### WORK INSTRUCTIONS
Pull every line of the entries that has the word "DerSequence".

### EXERCISE DATA
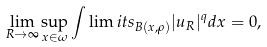Convert formula to latex. <formula><loc_0><loc_0><loc_500><loc_500>\lim _ { R \to \infty } \sup _ { x \in \omega } { \int \lim i t s _ { B ( x , \rho ) } | u _ { R } | ^ { q } d x } = 0 ,</formula> 
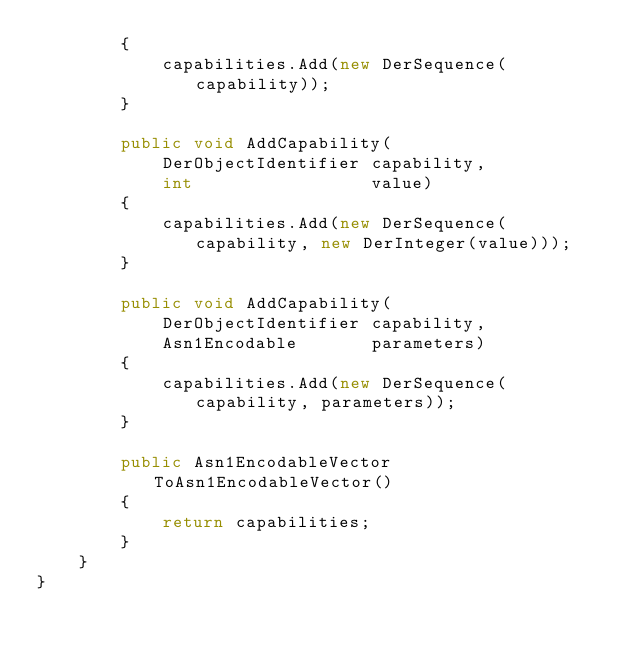Convert code to text. <code><loc_0><loc_0><loc_500><loc_500><_C#_>        {
            capabilities.Add(new DerSequence(capability));
        }

		public void AddCapability(
            DerObjectIdentifier capability,
            int                 value)
        {
			capabilities.Add(new DerSequence(capability, new DerInteger(value)));
        }

		public void AddCapability(
            DerObjectIdentifier capability,
            Asn1Encodable		parameters)
        {
			capabilities.Add(new DerSequence(capability, parameters));
        }

		public Asn1EncodableVector ToAsn1EncodableVector()
        {
            return capabilities;
        }
    }
}
</code> 
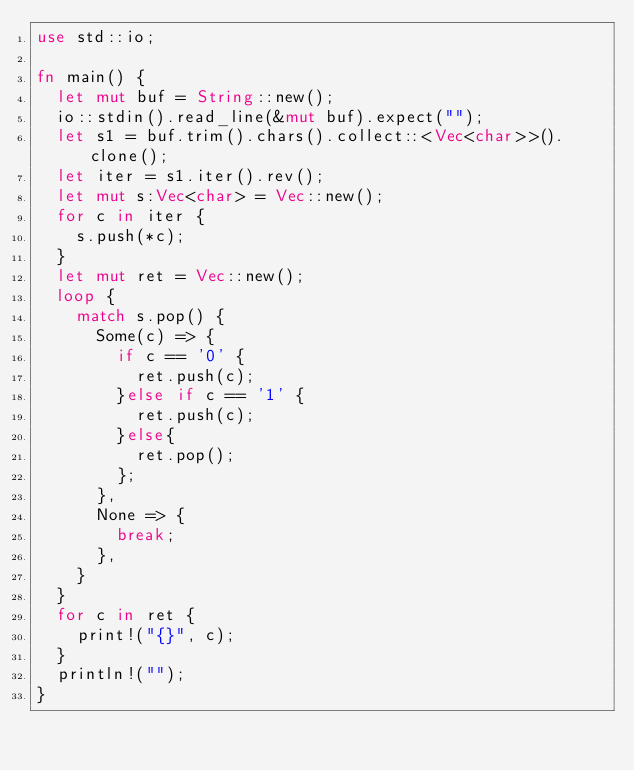<code> <loc_0><loc_0><loc_500><loc_500><_Rust_>use std::io;

fn main() {
	let mut buf = String::new();
	io::stdin().read_line(&mut buf).expect("");
	let s1 = buf.trim().chars().collect::<Vec<char>>().clone();
	let iter = s1.iter().rev();
	let mut s:Vec<char> = Vec::new();
	for c in iter {
		s.push(*c);
	}
	let mut ret = Vec::new();
	loop {
		match s.pop() {
			Some(c) => {
				if c == '0' {
					ret.push(c);
				}else if c == '1' {
					ret.push(c);
				}else{
					ret.pop();
				};
			},
			None => {
				break;
			},
		}
	}
	for c in ret {
		print!("{}", c);
	}
	println!("");
}</code> 
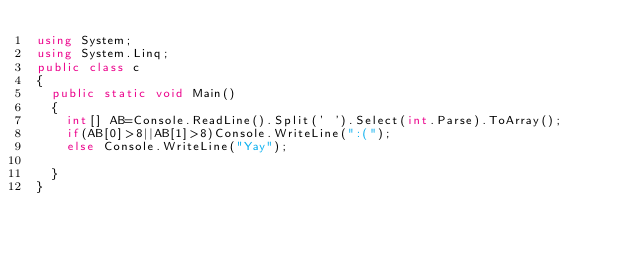<code> <loc_0><loc_0><loc_500><loc_500><_C#_>using System;
using System.Linq;
public class c
{
  public static void Main()
  {
    int[] AB=Console.ReadLine().Split(' ').Select(int.Parse).ToArray();
    if(AB[0]>8||AB[1]>8)Console.WriteLine(":(");
    else Console.WriteLine("Yay");
    
  }
}</code> 
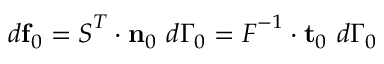Convert formula to latex. <formula><loc_0><loc_0><loc_500><loc_500>d f _ { 0 } = { S } ^ { T } \cdot n _ { 0 } d \Gamma _ { 0 } = { F } ^ { - 1 } \cdot t _ { 0 } d \Gamma _ { 0 }</formula> 
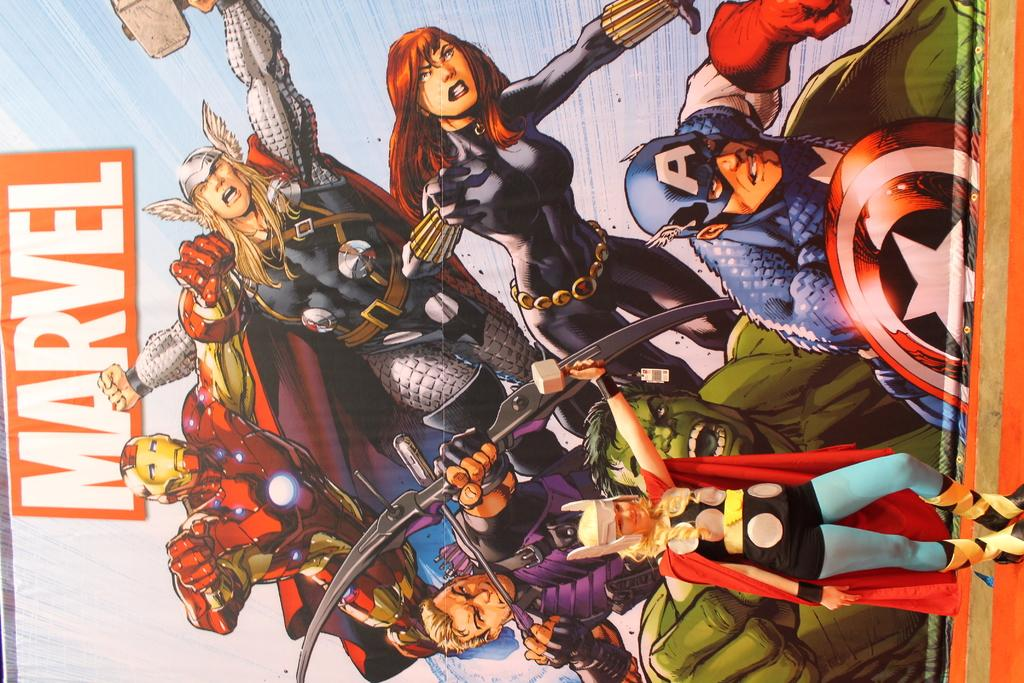What is the main object in the image? There is a board in the image. What is happening on the board? There is a group of people on the board. What can be seen on the board itself? Something is written on the board. What is the person in front of the board wearing? There is a person with a costume in front of the board. Where is the train station located in the image? There is no train station present in the image. What type of pleasure can be experienced by the people on the board? The provided facts do not mention any specific pleasure being experienced by the people on the board. 
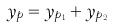Convert formula to latex. <formula><loc_0><loc_0><loc_500><loc_500>y _ { p } = y _ { p _ { 1 } } + y _ { p _ { 2 } }</formula> 
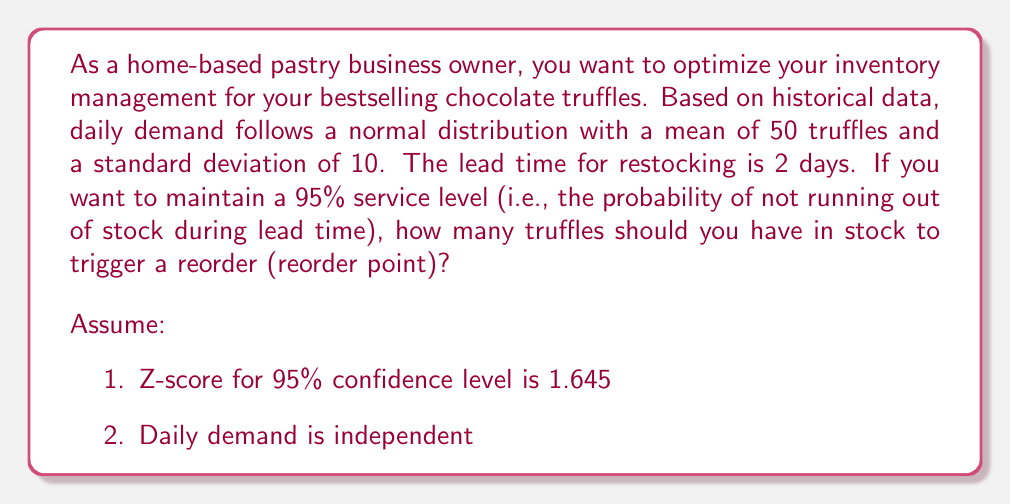Show me your answer to this math problem. To solve this problem, we need to calculate the reorder point using the following steps:

1. Calculate the mean demand during lead time:
   $$\mu_{LT} = \text{Daily mean} \times \text{Lead time}$$
   $$\mu_{LT} = 50 \times 2 = 100 \text{ truffles}$$

2. Calculate the standard deviation during lead time:
   $$\sigma_{LT} = \sigma_{daily} \times \sqrt{\text{Lead time}}$$
   $$\sigma_{LT} = 10 \times \sqrt{2} \approx 14.14 \text{ truffles}$$

3. Calculate the safety stock using the Z-score for 95% service level:
   $$\text{Safety Stock} = Z \times \sigma_{LT}$$
   $$\text{Safety Stock} = 1.645 \times 14.14 \approx 23.26 \text{ truffles}$$

4. Calculate the reorder point:
   $$\text{Reorder Point} = \mu_{LT} + \text{Safety Stock}$$
   $$\text{Reorder Point} = 100 + 23.26 \approx 123.26 \text{ truffles}$$

5. Round up to the nearest whole number, as we can't order fractional truffles:
   $$\text{Reorder Point} = 124 \text{ truffles}$$

Therefore, you should place a new order when your inventory reaches 124 truffles to maintain a 95% service level.
Answer: 124 truffles 
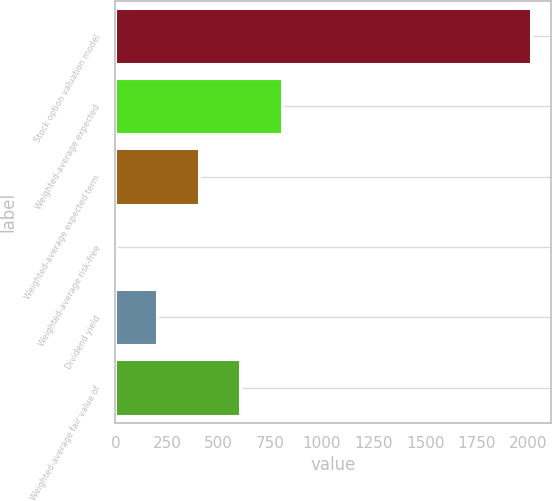Convert chart to OTSL. <chart><loc_0><loc_0><loc_500><loc_500><bar_chart><fcel>Stock option valuation model<fcel>Weighted-average expected<fcel>Weighted-average expected term<fcel>Weighted-average risk-free<fcel>Dividend yield<fcel>Weighted-average fair value of<nl><fcel>2011<fcel>806.22<fcel>404.64<fcel>3.06<fcel>203.85<fcel>605.43<nl></chart> 
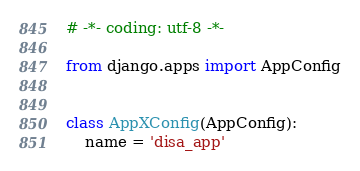<code> <loc_0><loc_0><loc_500><loc_500><_Python_># -*- coding: utf-8 -*-

from django.apps import AppConfig


class AppXConfig(AppConfig):
    name = 'disa_app'
</code> 
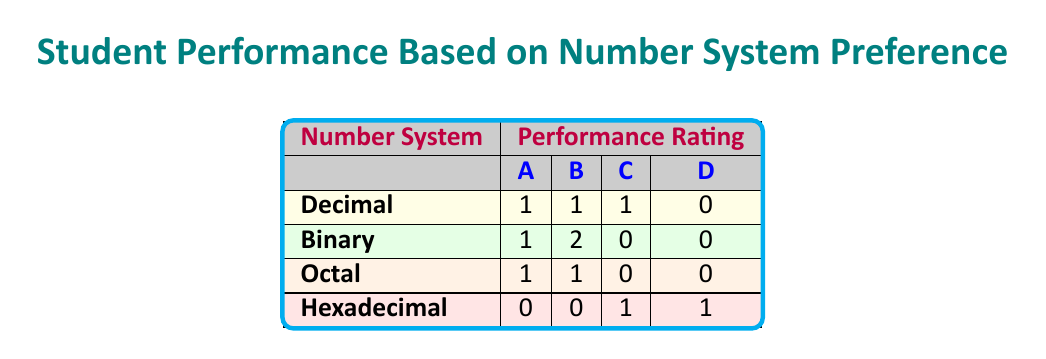What is the performance rating for students who prefer the Decimal number system? According to the table, there are three students who prefer Decimal, with performance ratings of A, B, and C. Hence, the performance ratings for students who prefer Decimal are A, B, and C.
Answer: A, B, C How many students received a performance rating of A? From the table, there are three students who received a performance rating of A: Alice Johnson (Decimal), Frank Wilson (Binary), and Catherine Lee (Octal). Therefore, the total count is 3.
Answer: 3 What is the total number of students who prefer the Hexadecimal number system? Referring to the table, there are two students who prefer Hexadecimal, namely David Brown and Henry Clark. Thus, the total number of students in this category is 2.
Answer: 2 Is there any student who received a performance rating of D? Checking the table, only Henry Clark, who prefers Hexadecimal, has a performance rating of D. This confirms that yes, there is at least one student with this rating.
Answer: Yes What is the difference in the count of students with performance rating B between Binary and Octal number systems? Referring to the table, the count of students with a B rating in Binary is 2 (Brian Smith and Jack Miller), and in Octal, it is 1 (Grace White). The difference, therefore, is 2 - 1 = 1.
Answer: 1 What is the average performance rating of students who prefer the Binary number system? In the table, the Binary system has three ratings: A, B, and B. For average calculation, assign numeric values: A=4, B=3. The average is (4 + 3 + 3) / 3 = 10 / 3 ≈ 3.33, which corresponds to a rating between B and A.
Answer: B/A Which number system has the least performing student, and what is their rating? Observing the table, the Hexadecimal system has a student (Henry Clark) with a performance rating of D, which is the lowest rating among all numbers systems. Thus, Hexadecimal has the least performing student.
Answer: Hexadecimal, D How many students rated below a C in performance? Looking at the ratings, only David Brown (Hexadecimal, C) and Henry Clark (Hexadecimal, D) are below C, hence the count is 2 students rated below C.
Answer: 2 In which number system do the majority of students have a performance rating of B? The Binary number system has the highest count, with 2 students rated B (Brian Smith and Jack Miller), compared to others. Thus, Binary has the majority rated B.
Answer: Binary

### THE ANSWER
            capabilities.Add(new DerSequence(capability));
			capabilities.Add(new DerSequence(capability, new DerInteger(value)));
			capabilities.Add(new DerSequence(capability, parameters));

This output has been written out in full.